Todays lesson: Chew your food better when your drunk. I almost choked throwing up this morning.
I'm also annoyed at my horoscope for not warning me of my perils
Well, I was going to ask you what happened to all my lipstick. Until I saw the giant red penis on my living room wall.
The bruises are from paintball. The money is from me being awesome
Restaurants Roasting People Who Gave Them Negative Yelp Reviews (25 Pics)
Look man, sometimes you just gotta say "Sure! Why not? I can always take a shower afterwards"
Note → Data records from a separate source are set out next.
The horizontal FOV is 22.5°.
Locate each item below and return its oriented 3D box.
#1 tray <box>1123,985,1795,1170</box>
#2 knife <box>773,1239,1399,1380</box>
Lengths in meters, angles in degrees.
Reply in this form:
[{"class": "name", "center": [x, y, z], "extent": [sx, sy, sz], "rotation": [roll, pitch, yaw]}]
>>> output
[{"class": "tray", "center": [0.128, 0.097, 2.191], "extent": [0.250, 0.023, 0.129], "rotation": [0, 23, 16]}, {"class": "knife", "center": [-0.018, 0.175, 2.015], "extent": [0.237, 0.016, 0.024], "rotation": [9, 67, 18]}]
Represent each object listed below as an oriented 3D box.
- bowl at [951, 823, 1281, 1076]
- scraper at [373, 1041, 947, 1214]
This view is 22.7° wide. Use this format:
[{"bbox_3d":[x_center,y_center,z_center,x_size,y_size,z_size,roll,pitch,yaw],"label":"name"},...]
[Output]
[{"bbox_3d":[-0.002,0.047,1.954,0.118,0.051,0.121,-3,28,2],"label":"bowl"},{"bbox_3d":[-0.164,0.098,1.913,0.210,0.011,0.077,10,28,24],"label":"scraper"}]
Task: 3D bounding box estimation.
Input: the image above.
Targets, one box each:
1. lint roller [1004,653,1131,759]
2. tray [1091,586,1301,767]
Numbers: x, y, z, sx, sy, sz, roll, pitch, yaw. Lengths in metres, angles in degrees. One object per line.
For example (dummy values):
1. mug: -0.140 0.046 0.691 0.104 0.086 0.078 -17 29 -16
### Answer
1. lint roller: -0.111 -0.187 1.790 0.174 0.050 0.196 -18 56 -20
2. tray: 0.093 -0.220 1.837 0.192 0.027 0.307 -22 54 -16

i ate a whole tub of butter with my hands last night. don't tell me about rock bottom
He picked up a chick with a line about the price of used cars in Sri Lanka and developing economies. Step it up.
The bet was for naked jumping jacks. And it back fired, she just laughed at all the slapping noise.
151 hangover. Need apocalypse.
Woman Posts Harassing DMs From Creep Online, Now He’s Upset Because People Told His Mom
The sex was so bad. I kept sending people snapchats of my face during it.
Life is my bitch right now. The bouncers tried to carry me out of the club, but everyone thought I was crowd surfing so everyone carried me BACK IN. Winning as fuck.
I'm on my way back with the wine... And a puppy. It was free.
Leave it to me to sleep w a guy who gets poison ivy on his dick
Am I supposed to get so horny by looking at your dick that I start orgasming uncontrollably
Who else has a jello penis in their fridge?!